Evaluating the management of urinary tract infections by community pharmacists in Queensland, Australia
Main Article Content
Keywords
urinary tract infections, health services accessibility, primary health care, clinical audit
Abstract
Background: While workloads of general practitioners (family physicians) can be supported by allied health professionals treating minor ailments, there is a need to evaluate the quality of these primary care interventions. In Queensland, Australia, appropriately trained community pharmacists provided empirical management of uncomplicated urinary tract infections to people with a biologic female urinary tract, between 18-65 years of age using a structured model of care. Objective: The aim was to determine whether community pharmacists can safely and effectively manage uncomplicated urinary tract infections.
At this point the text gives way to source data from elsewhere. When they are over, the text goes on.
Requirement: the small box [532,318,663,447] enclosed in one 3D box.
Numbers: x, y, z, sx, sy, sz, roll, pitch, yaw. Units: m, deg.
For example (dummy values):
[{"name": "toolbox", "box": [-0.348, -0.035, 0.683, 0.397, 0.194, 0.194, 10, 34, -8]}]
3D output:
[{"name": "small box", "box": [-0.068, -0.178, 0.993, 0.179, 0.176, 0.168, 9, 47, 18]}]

Methods: A prospective, observational, mixed-methods evaluation was designed to collect data over an 18-month period. People with a biologic female urinary tract, between the ages of 18-65 years, who presented to a community pharmacy, and met the symptom definition of an uncomplicated urinary tract infection, and agreed to participate in the study, were included. Results: A total of 10,270 instances of service provision were analysed. These services were recorded by 588 pharmacies that delivered at least one service. Follow-up data were available for 28.9% (2,973/10,270) services. Most (93.0%) were prescribed 3-days of trimethoprim as per the structured model of care and of those followed-up 87.6% reported resolution of symptoms following antibiotic treatment. For eighty five follow-up consultations (2.9%), patients indicated experiencing adverse events from antibiotic treatment. Five patients visited an emergency department, and upon review by doctors on the Steering Advisory Group, pharmacists were found to have followed the structured model of care in all cases. Conclusion: This study provides evidence that provision of antibiotics by appropriately trained pharmacists using a structured model of care was safe and effective. Given the rise in antimicrobial resistance worldwide, regular audits of prescribing by all health practitioners are recommended.